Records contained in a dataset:
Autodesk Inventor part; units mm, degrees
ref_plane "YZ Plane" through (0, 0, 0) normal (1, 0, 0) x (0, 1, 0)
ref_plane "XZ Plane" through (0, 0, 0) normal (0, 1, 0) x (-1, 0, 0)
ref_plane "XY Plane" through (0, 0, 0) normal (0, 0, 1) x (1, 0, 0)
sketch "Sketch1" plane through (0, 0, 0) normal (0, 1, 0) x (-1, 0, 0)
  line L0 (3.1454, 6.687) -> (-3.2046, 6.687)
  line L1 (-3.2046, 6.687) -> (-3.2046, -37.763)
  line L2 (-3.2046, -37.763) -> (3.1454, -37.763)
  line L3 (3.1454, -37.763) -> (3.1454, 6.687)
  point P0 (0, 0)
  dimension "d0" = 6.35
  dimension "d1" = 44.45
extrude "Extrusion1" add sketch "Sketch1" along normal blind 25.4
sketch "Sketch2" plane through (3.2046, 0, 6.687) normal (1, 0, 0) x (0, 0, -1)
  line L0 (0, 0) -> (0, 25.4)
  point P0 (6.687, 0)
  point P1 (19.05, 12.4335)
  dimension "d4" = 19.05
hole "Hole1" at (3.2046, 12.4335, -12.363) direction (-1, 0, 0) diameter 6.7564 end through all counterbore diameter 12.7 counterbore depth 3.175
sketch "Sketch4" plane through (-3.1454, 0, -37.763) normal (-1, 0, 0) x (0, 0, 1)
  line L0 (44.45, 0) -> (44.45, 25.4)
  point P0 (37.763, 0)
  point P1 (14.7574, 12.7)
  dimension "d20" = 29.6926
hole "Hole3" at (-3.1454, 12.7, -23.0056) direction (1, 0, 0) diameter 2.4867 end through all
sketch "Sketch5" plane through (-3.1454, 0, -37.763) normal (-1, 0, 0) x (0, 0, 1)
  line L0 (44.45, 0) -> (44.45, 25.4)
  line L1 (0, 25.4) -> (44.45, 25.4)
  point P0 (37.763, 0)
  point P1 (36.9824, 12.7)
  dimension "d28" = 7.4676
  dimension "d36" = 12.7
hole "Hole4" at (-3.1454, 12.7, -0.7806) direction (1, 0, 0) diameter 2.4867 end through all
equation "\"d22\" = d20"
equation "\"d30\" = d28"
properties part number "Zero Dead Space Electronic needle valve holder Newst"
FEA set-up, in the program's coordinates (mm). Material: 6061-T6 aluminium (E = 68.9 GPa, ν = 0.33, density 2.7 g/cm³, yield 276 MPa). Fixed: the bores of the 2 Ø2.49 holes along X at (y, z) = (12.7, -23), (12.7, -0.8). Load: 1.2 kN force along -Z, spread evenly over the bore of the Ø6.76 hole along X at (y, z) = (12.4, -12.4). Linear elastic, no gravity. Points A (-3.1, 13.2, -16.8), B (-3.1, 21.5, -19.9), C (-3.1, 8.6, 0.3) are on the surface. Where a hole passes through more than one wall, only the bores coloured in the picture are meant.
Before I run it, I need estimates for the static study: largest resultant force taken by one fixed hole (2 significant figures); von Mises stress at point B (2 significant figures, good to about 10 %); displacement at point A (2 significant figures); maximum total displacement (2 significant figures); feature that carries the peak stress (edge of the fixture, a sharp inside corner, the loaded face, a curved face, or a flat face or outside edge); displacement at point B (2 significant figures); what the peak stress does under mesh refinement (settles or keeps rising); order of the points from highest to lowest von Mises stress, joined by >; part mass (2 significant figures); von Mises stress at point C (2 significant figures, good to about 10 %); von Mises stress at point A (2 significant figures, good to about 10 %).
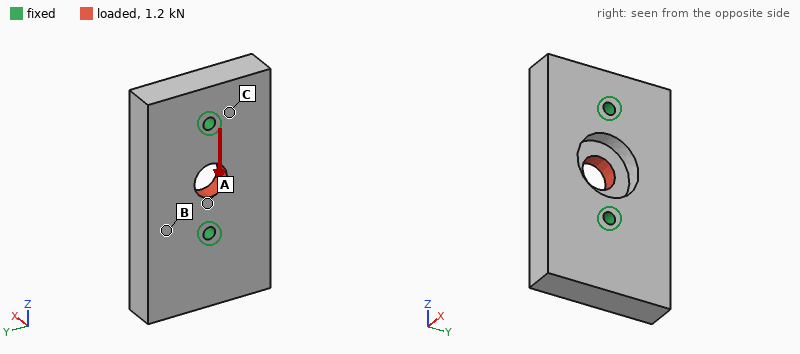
630 N
2.5 MPa
1.7 µm
2.4 µm
edge of the fixture
0.94 µm
keeps rising
A > C > B
18 g
5.4 MPa
20 MPa
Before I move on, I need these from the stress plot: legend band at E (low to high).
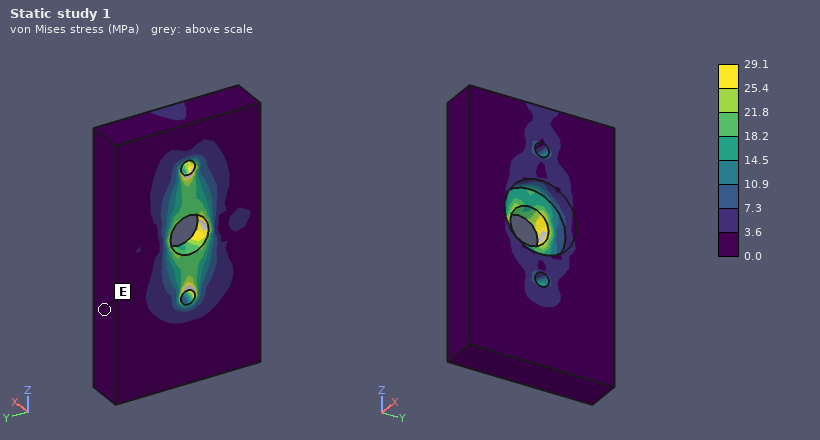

** Task requirements **
Write out every entry above exactly as it stands, minus the pictures.

** Exercise response **
Autodesk Inventor part; units mm, degrees
ref_plane "YZ Plane" through (0, 0, 0) normal (1, 0, 0) x (0, 1, 0)
ref_plane "XZ Plane" through (0, 0, 0) normal (0, 1, 0) x (-1, 0, 0)
ref_plane "XY Plane" through (0, 0, 0) normal (0, 0, 1) x (1, 0, 0)
sketch "Sketch1" plane through (0, 0, 0) normal (0, 1, 0) x (-1, 0, 0)
  line L0 (3.1454, 6.687) -> (-3.2046, 6.687)
  line L1 (-3.2046, 6.687) -> (-3.2046, -37.763)
  line L2 (-3.2046, -37.763) -> (3.1454, -37.763)
  line L3 (3.1454, -37.763) -> (3.1454, 6.687)
  point P0 (0, 0)
  dimension "d0" = 6.35
  dimension "d1" = 44.45
extrude "Extrusion1" add sketch "Sketch1" along normal blind 25.4
sketch "Sketch2" plane through (3.2046, 0, 6.687) normal (1, 0, 0) x (0, 0, -1)
  line L0 (0, 0) -> (0, 25.4)
  point P0 (6.687, 0)
  point P1 (19.05, 12.4335)
  dimension "d4" = 19.05
hole "Hole1" at (3.2046, 12.4335, -12.363) direction (-1, 0, 0) diameter 6.7564 end through all counterbore diameter 12.7 counterbore depth 3.175
sketch "Sketch4" plane through (-3.1454, 0, -37.763) normal (-1, 0, 0) x (0, 0, 1)
  line L0 (44.45, 0) -> (44.45, 25.4)
  point P0 (37.763, 0)
  point P1 (14.7574, 12.7)
  dimension "d20" = 29.6926
hole "Hole3" at (-3.1454, 12.7, -23.0056) direction (1, 0, 0) diameter 2.4867 end through all
sketch "Sketch5" plane through (-3.1454, 0, -37.763) normal (-1, 0, 0) x (0, 0, 1)
  line L0 (44.45, 0) -> (44.45, 25.4)
  line L1 (0, 25.4) -> (44.45, 25.4)
  point P0 (37.763, 0)
  point P1 (36.9824, 12.7)
  dimension "d28" = 7.4676
  dimension "d36" = 12.7
hole "Hole4" at (-3.1454, 12.7, -0.7806) direction (1, 0, 0) diameter 2.4867 end through all
equation "\"d22\" = d20"
equation "\"d30\" = d28"
properties part number "Zero Dead Space Electronic needle valve holder Newst"
FEA set-up, in the program's coordinates (mm). Material: 6061-T6 aluminium (E = 68.9 GPa, ν = 0.33, density 2.7 g/cm³, yield 276 MPa). Fixed: the bores of the 2 Ø2.49 holes along X at (y, z) = (12.7, -23), (12.7, -0.8). Load: 1.2 kN force along -Z, spread evenly over the bore of the Ø6.76 hole along X at (y, z) = (12.4, -12.4). Linear elastic, no gravity. Points A (-3.1, 13.2, -16.8), B (-3.1, 21.5, -19.9), C (-3.1, 8.6, 0.3) are on the surface. Where a hole passes through more than one wall, only the bores coloured in the picture are meant.
Before I run it, I need estimates for the static study: largest resultant force taken by one fixed hole (2 significant figures); von Mises stress at point B (2 significant figures, good to about 10 %); displacement at point A (2 significant figures); maximum total displacement (2 significant figures); feature that carries the peak stress (edge of the fixture, a sharp inside corner, the loaded face, a curved face, or a flat face or outside edge); displacement at point B (2 significant figures); what the peak stress does under mesh refinement (settles or keeps rising); order of the points from highest to lowest von Mises stress, joined by >; part mass (2 significant figures); von Mises stress at point C (2 significant figures, good to about 10 %); von Mises stress at point A (2 significant figures, good to about 10 %).
630 N
2.5 MPa
1.7 µm
2.4 µm
edge of the fixture
0.94 µm
keeps rising
A > C > B
18 g
5.4 MPa
20 MPa
Before I move on, I need these from the stress plot: legend band at E (low to high).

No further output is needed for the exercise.